Patterson is one of the few neighbors who live year-round in Eau Claire Acres, which is sparsely populated in the winter, Forrest Nutter said.
Meanwhile, Kristin Kasinskas, a teacher who lives on Eau Claire Acres Circle, told the Minneapolis Star Tribune that Jeanne Nutter frantically knocked on her door after finding Jayme.
Kasinskas said Jayme was skinny and dirty with matted hair, and wearing shoes that were too big for her feet. The girl told Kasinskas and her husband, Peter, that she didn’t know where she was or anything about Gordon, Wisconsin.
“I honestly still think I’m dreaming right now. It was like I was seeing a ghost,” Peter Kasinskas told the Star Tribune. “It was scary and awesome at the same time.
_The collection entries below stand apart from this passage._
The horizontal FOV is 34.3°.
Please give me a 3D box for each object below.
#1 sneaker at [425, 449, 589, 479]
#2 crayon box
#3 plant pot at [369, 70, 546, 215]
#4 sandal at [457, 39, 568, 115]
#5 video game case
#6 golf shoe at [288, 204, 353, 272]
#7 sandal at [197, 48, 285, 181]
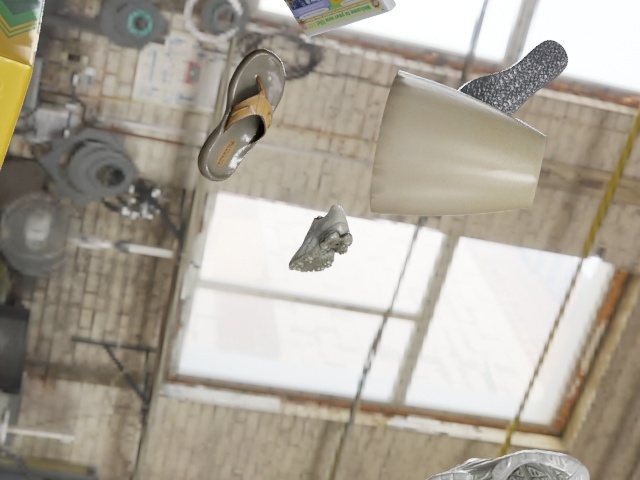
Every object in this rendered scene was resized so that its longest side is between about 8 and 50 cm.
[{"bbox_3d":[0.249,0.326,1.423,0.115,0.232,0.090,-16,96,-77],"label":"sneaker"},{"bbox_3d":[-0.448,-0.206,1.403,0.203,0.083,0.323,-62,-157,27],"label":"crayon box"},{"bbox_3d":[0.248,-0.147,1.822,0.256,0.274,0.256,12,90,-81],"label":"plant pot"},{"bbox_3d":[0.358,-0.288,1.975,0.097,0.254,0.054,61,-5,-1],"label":"sandal"},{"bbox_3d":[-0.004,-0.417,1.603,0.212,0.193,0.023,-3,-141,52],"label":"video game case"},{"bbox_3d":[0.000,0.000,1.874,0.176,0.069,0.086,-37,-131,47],"label":"golf shoe"},{"bbox_3d":[-0.116,-0.184,1.583,0.219,0.090,0.060,-59,-146,7],"label":"sandal"}]
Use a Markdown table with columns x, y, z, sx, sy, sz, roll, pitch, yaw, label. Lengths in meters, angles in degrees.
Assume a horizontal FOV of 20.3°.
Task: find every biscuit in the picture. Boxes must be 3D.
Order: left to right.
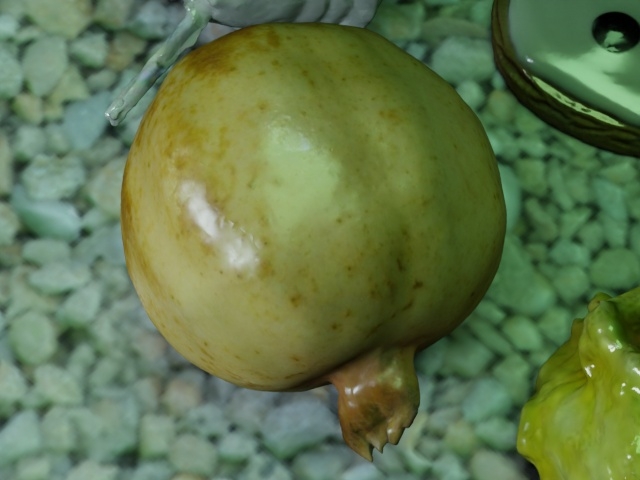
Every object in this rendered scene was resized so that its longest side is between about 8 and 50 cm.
| x | y | z | sx | sy | sz | roll | pitch | yaw | label |
| --- | --- | --- | --- | --- | --- | --- | --- | --- | --- |
| 0.212 | -0.138 | 1.124 | 0.208 | 0.049 | 0.181 | -4 | 60 | -10 | biscuit |

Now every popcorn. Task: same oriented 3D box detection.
| x | y | z | sx | sy | sz | roll | pitch | yaw | label |
| --- | --- | --- | --- | --- | --- | --- | --- | --- | --- |
| 0.202 | 0.094 | 0.929 | 0.197 | 0.156 | 0.198 | -3 | 62 | 6 | popcorn |

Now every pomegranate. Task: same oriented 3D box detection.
| x | y | z | sx | sy | sz | roll | pitch | yaw | label |
| --- | --- | --- | --- | --- | --- | --- | --- | --- | --- |
| -0.005 | -0.016 | 0.943 | 0.207 | 0.207 | 0.207 | 3 | 60 | -5 | pomegranate |

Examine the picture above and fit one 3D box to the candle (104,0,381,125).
| x | y | z | sx | sy | sz | roll | pitch | yaw | label |
| --- | --- | --- | --- | --- | --- | --- | --- | --- | --- |
| -0.027 | -0.209 | 1.065 | 0.187 | 0.187 | 0.330 | 24 | 63 | 8 | candle |

My jaw just went to the floor.”
Closs’ family never gave up hope of finding Jayme.
Jayme’s aunt, Jennifer Smith, cried tears of joy when the sheriff told her Jayme was found. The happy news followed the false alarm the family received hours earlier. “They say she’s doing good. She’s talking and she’s resting right now. She’s exhausted,” Smith told KSTP of her niece.
“I’m just going to tell her how much I love her and missed her, and give her the biggest hug ever, and that we’re all here for her,” Smith added.
“We said we’d never give up, and we didn’t. And now we got her.”